Slashdot Mirror

← Back to Stories (view on slashdot.org)

Zero-Day IE Exploit Takes Control of PCs

Posted by CmdrTaco on from the here-we-go-again dept.

anethema writes "A remote IE exploit with implementations is currently in the wild. From the article: 'Exploit code for a critical flaw in fully patched versions of Microsoft Corp.'s Internet Explorer browser has been released on the Internet, putting millions of Web surfers at risk of computer hijack attacks.' Aparently all you have to do is browse the page to be affected. There is no patch, but since it is a JavaScript exploit, you can work around it by disabling JavaScript."

6 of 567 comments (clear)

  1. This code by paranode · · Score: 4, Informative

    Will DOS Firefox.

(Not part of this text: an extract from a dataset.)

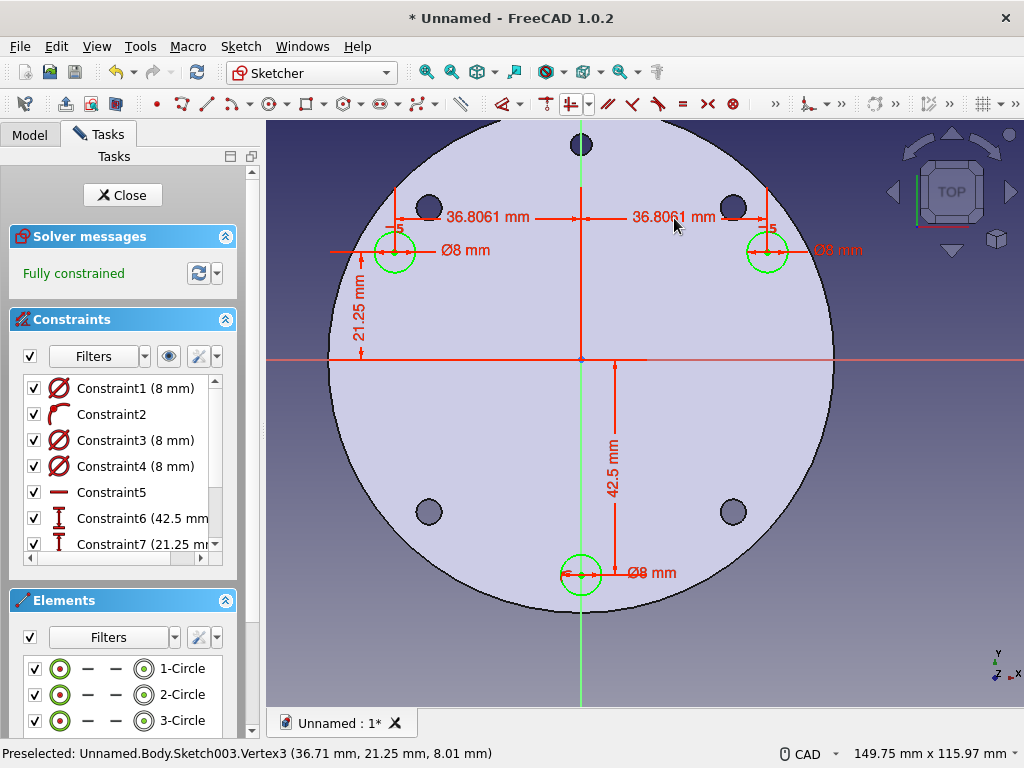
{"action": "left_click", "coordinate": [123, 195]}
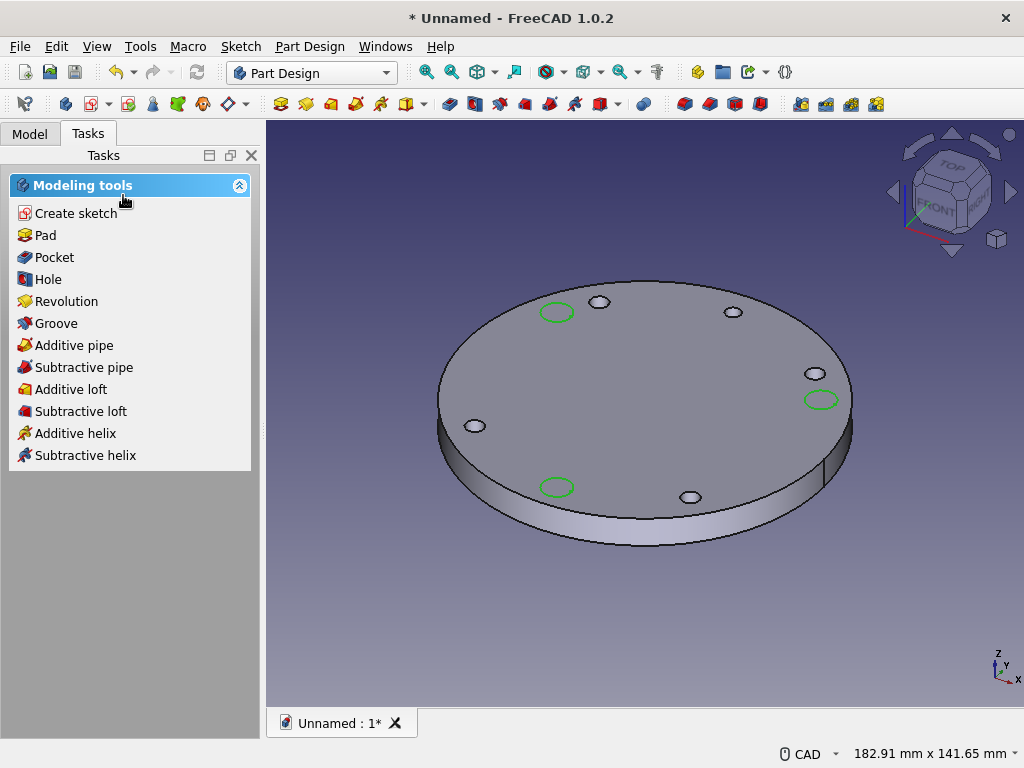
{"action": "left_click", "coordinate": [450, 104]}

Not as bad as an exploit but they have issues to fix as well.

  2. Re:Link to a copy? by tomasvilda · · Score: 4, Informative

    Here you can test an exploit on IE: http://www.computerterrorism.com/research/ie/poc.h tm -- http://tvilda.stilius.net/

  3. Re:I hope this gets into a doubleclick ad by Xarius · · Score: 4, Informative

    I know he's considered as a bit of a prick, but ESR explains exactly why this would be one of the worst things that could happen here.

    Make of it what you will.

    --
    C17H21NO4
  4. Re:Opera affected too? by porneL · · Score: 5, Informative

    Not affected. I've tested <body onload="window();"> and nothing happens besides JS console logging "Statement on line 1: The Object does not implement [[Call]]".

  5. Re:Duh! (+1, informative) by Omega697 · · Score: 4, Informative

    What he meant was that there were 4 ^W's and when you erase 4 words you wind up with the nonsensical statement in his post.

  6. Re:This is why... by zachdms · · Score: 5, Informative

    Check out DropMyRights - should be exactly what you want.